Methods: A facility-based unmatched case-control study was conducted among 286 women visiting gynecologic outpatient departments in selected governmental hospitals. The data were collected via a pretested structured questionnaire designed with a Kobo tool box. The Kobo tool is an easy, open electronic data collection tool suitable for field research and helps ensure data security. The data were subsequently exported to SPSS for analysis. Descriptive statistics were performed. To assess associations, independent t-tests and binary and multivariate logistic regression analyses were performed. Finally, a 95% confidence interval and adjusted odds ratio with a p value <0.05 were used to examine the associations between the dependent and independent variables.
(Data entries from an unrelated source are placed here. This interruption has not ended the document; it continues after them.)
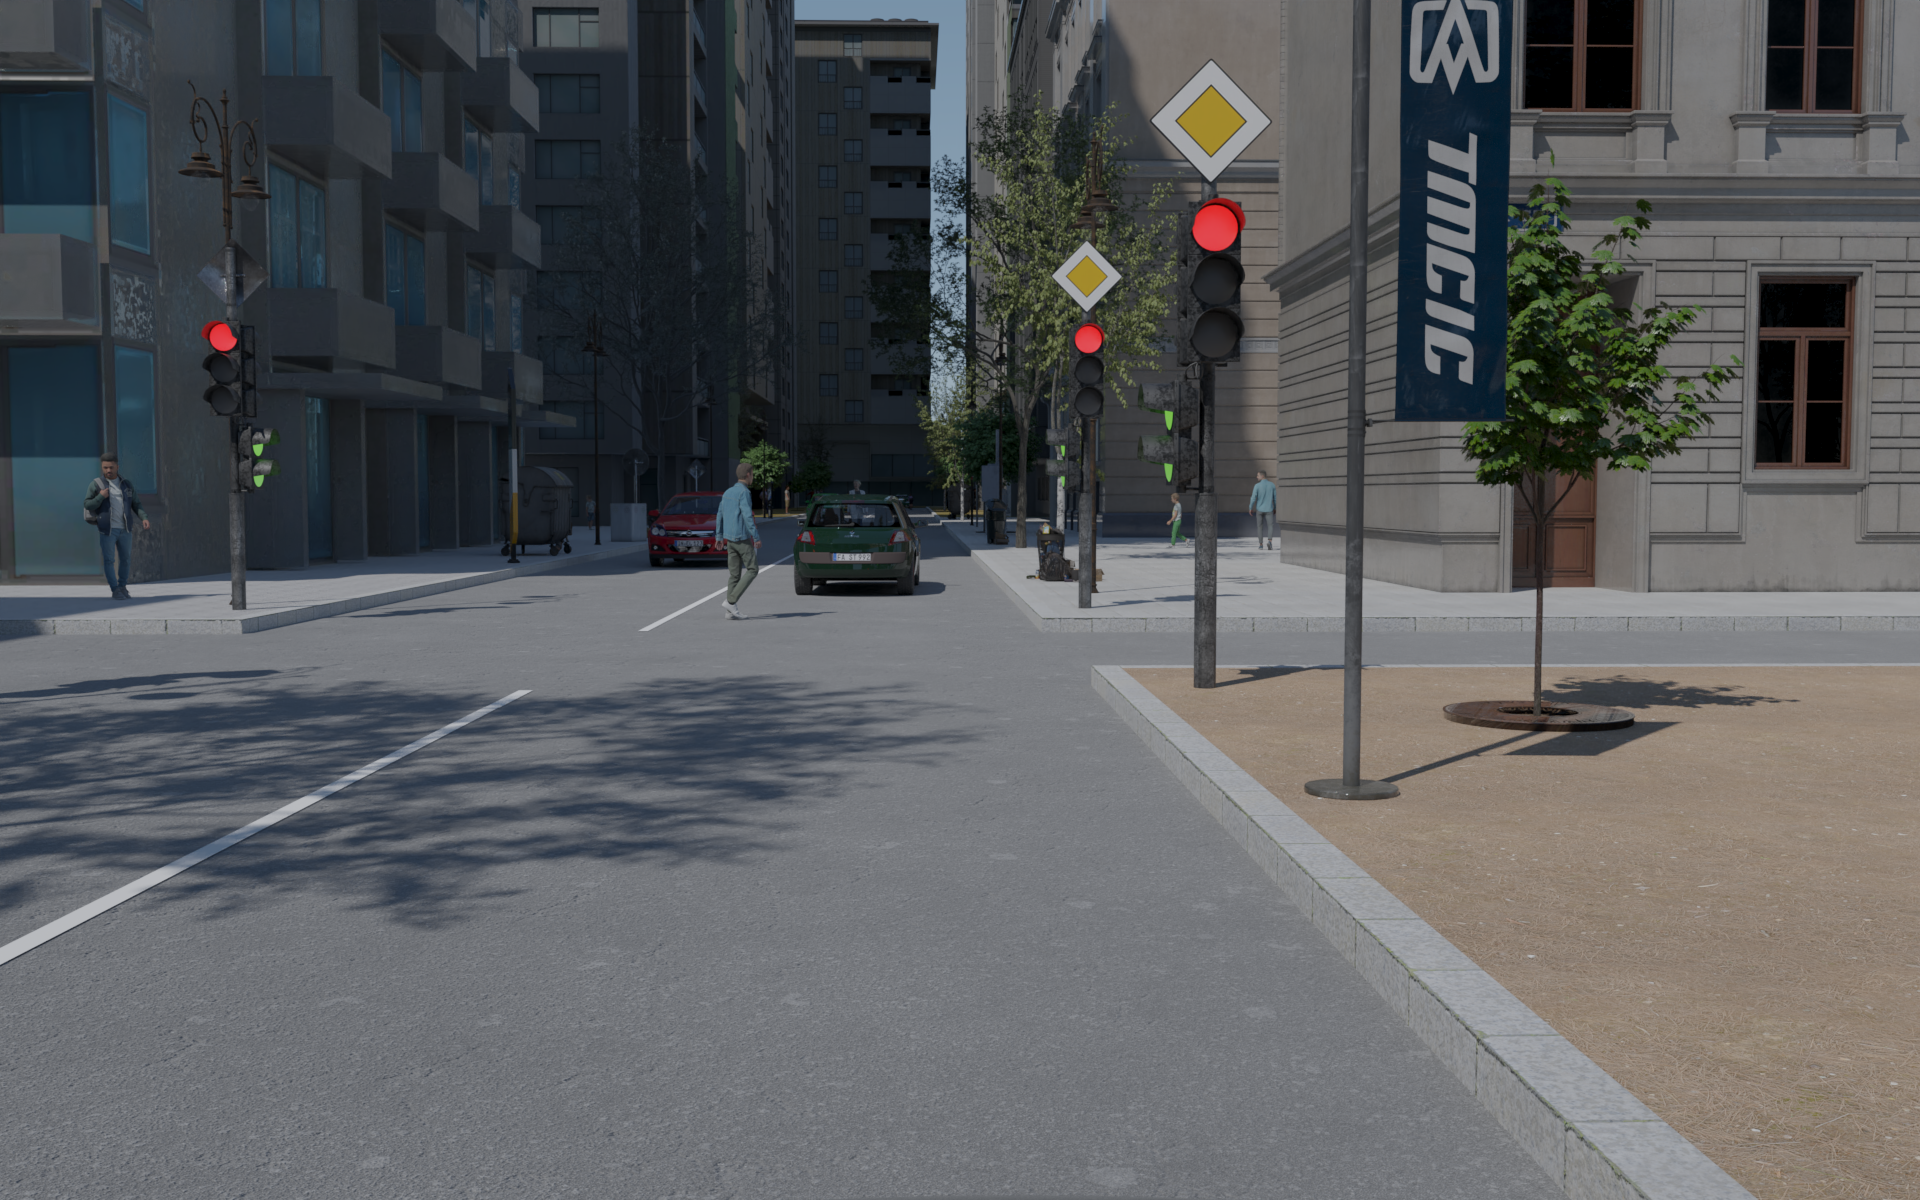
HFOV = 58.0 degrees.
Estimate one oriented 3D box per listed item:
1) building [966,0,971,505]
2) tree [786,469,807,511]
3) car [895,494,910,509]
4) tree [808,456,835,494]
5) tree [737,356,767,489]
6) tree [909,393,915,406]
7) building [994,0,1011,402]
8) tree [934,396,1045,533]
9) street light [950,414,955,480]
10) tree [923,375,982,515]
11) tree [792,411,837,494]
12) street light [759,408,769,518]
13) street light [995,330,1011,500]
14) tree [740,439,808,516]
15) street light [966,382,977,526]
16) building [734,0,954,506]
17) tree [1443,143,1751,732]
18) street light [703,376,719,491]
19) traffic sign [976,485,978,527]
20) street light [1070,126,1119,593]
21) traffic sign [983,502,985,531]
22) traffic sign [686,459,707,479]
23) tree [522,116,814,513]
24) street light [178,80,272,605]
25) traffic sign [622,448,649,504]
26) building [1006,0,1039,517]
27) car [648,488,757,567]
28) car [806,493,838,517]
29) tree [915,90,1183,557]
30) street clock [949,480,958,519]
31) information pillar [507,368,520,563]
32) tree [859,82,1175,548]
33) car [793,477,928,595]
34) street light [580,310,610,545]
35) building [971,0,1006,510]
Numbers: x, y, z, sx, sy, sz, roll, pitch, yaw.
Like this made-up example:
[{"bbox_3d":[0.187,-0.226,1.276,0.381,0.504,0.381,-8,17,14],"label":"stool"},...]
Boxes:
[{"bbox_3d":[11.107,-45.996,190.291,20.611,71.187,20.563,0,4,-2],"label":"building"},{"bbox_3d":[-12.530,-8.407,132.060,1.663,3.219,1.824,0,3,0],"label":"tree"},{"bbox_3d":[-5.736,-9.649,169.551,2.131,1.459,4.920,0,4,-2],"label":"car"},{"bbox_3d":[-12.378,-10.071,148.377,4.285,4.588,4.351,0,3,0],"label":"tree"},{"bbox_3d":[-11.445,-8.299,86.050,4.360,8.622,3.978,0,3,0],"label":"tree"},{"bbox_3d":[-0.125,-8.107,82.919,4.737,8.622,4.395,0,3,0],"label":"tree"},{"bbox_3d":[16.479,-32.747,124.653,28.713,52.752,27.495,0,4,-2],"label":"building"},{"bbox_3d":[1.152,-4.517,57.563,4.285,4.588,4.351,0,3,0],"label":"tree"},{"bbox_3d":[-0.306,-7.421,94.126,0.468,5.910,1.993,0,4,-2],"label":"street light"},{"bbox_3d":[-0.391,-9.460,105.038,4.360,8.622,3.978,0,3,0],"label":"tree"},{"bbox_3d":[-12.928,-12.453,153.969,4.360,8.622,3.978,0,3,0],"label":"tree"},{"bbox_3d":[-10.378,-7.280,91.812,0.468,5.910,1.993,0,4,-2],"label":"street light"},{"bbox_3d":[1.102,-4.529,46.829,0.468,5.910,1.993,0,4,-2],"label":"street light"},{"bbox_3d":[-11.643,-7.318,103.368,4.285,4.588,4.351,0,3,0],"label":"tree"},{"bbox_3d":[0.489,-5.975,70.480,0.468,5.910,1.993,0,4,-2],"label":"street light"},{"bbox_3d":[-14.124,-37.006,194.290,27.495,52.752,28.713,0,4,-2],"label":"building"},{"bbox_3d":[3.187,-0.920,9.643,1.663,3.219,1.824,0,3,0],"label":"tree"},{"bbox_3d":[-9.753,-5.818,67.916,0.468,5.910,1.993,0,4,-2],"label":"street light"},{"bbox_3d":[0.659,-4.094,67.045,0.768,2.556,0.104,0,4,2],"label":"traffic sign"},{"bbox_3d":[1.710,-3.026,22.269,0.468,5.910,1.993,0,4,-2],"label":"street light"},{"bbox_3d":[0.843,-3.649,59.770,0.768,2.556,0.104,0,4,2],"label":"traffic sign"},{"bbox_3d":[-9.793,-3.950,64.320,0.795,2.593,0.064,0,4,2],"label":"traffic sign"},{"bbox_3d":[-10.071,-8.997,57.468,12.009,13.543,11.850,0,3,0],"label":"tree"},{"bbox_3d":[-8.386,-2.883,19.920,0.468,5.910,1.993,0,4,-2],"label":"street light"},{"bbox_3d":[-9.032,-2.944,48.237,0.768,2.556,0.104,0,4,7],"label":"traffic sign"},{"bbox_3d":[9.706,-20.326,104.032,14.160,30.474,14.107,0,4,-2],"label":"building"},{"bbox_3d":[-5.242,-1.623,35.584,2.155,1.783,4.494,0,4,0],"label":"car"},{"bbox_3d":[-6.843,-4.859,88.240,1.959,1.807,4.718,0,4,-1],"label":"car"},{"bbox_3d":[2.142,-5.022,32.473,4.737,8.622,4.395,0,3,0],"label":"tree"},{"bbox_3d":[-0.325,-5.216,89.849,0.358,2.002,0.471,-3,4,-36],"label":"street clock"},{"bbox_3d":[-8.287,-2.492,32.093,0.183,3.616,0.504,-1,4,-22],"label":"information pillar"},{"bbox_3d":[1.279,-6.484,40.425,8.767,10.594,7.601,2,4,25],"label":"tree"},{"bbox_3d":[-1.490,-0.989,25.959,2.009,1.686,4.222,0,4,0],"label":"car"},{"bbox_3d":[-9.149,-4.329,43.567,0.468,5.910,1.993,0,4,-2],"label":"street light"},{"bbox_3d":[11.480,-37.318,152.153,21.231,58.520,28.212,0,4,-2],"label":"building"}]

Results: A total of 277 respondents, 91 patients with utero-vaginal prolapse and 186 controls, were included in the study. According to the multivariable logistic regression analysis, early childbirth [AOR = 3.98 (95% CI: 1.08-14.58)], a history of multiple pregnancies [AOR = 2.88 (95% CI: 1.27-6.49)], home delivery [AOR = 4.9 (95% CI: 1.3-18.6)], prior pelvic surgery [AOR = 3.9 (95% CI: 1.08-13.8)], and a history of instrumental delivery [AOR = 3.1 (95% CI: 1.08-9.14)] were found to be significant determinants of utero vaginal prolapse.
Conclusion: These findings underscore that in utero vaginal prolapse is a common reproductive health problem. Early childbirth, a history of multiple pregnancies, home delivery, prior pelvic surgery, and a history of instrumental delivery were risk factors for UVP. Therefore, social and health care system determinants are critical. Therefore, prevention of UVP requires promoting health facility deliveries, integrating obstetric care, and addressing the societal norms that may lead to early childbirth. Consequently, context-based interventions addressing these determinants can greatly improve women's quality of life, decrease the prevalence of UVP, and improve overall maternal health.